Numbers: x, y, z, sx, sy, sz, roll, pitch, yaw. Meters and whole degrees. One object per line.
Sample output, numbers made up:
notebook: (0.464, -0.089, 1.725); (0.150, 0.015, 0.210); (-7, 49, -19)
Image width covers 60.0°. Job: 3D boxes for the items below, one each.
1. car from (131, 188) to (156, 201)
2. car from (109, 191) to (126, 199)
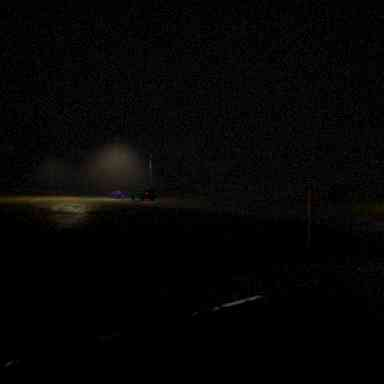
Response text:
car: (-7.855, 0.412, 53.643); (2.150, 2.045, 5.566); (1, 0, -35)
car: (-13.873, 0.516, 62.115); (1.812, 1.442, 4.674); (1, 1, -35)
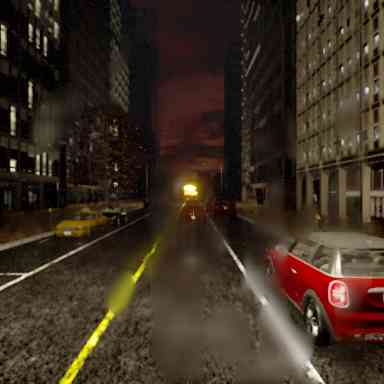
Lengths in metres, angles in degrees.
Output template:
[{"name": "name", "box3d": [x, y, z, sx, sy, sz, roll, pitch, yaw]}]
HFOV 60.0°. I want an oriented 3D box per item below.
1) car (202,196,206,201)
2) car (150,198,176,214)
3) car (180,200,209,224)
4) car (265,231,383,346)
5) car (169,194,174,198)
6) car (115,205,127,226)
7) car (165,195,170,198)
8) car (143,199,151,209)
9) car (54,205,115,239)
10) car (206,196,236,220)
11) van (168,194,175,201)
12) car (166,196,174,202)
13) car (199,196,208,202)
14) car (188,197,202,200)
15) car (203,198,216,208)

# Exercise aim:
Copy verbatim the span of lines that begins with the line holding "2) car (150,198,176,214)" and ends at the last line of the records.

# Response to this exercise:
2) car (150,198,176,214)
3) car (180,200,209,224)
4) car (265,231,383,346)
5) car (169,194,174,198)
6) car (115,205,127,226)
7) car (165,195,170,198)
8) car (143,199,151,209)
9) car (54,205,115,239)
10) car (206,196,236,220)
11) van (168,194,175,201)
12) car (166,196,174,202)
13) car (199,196,208,202)
14) car (188,197,202,200)
15) car (203,198,216,208)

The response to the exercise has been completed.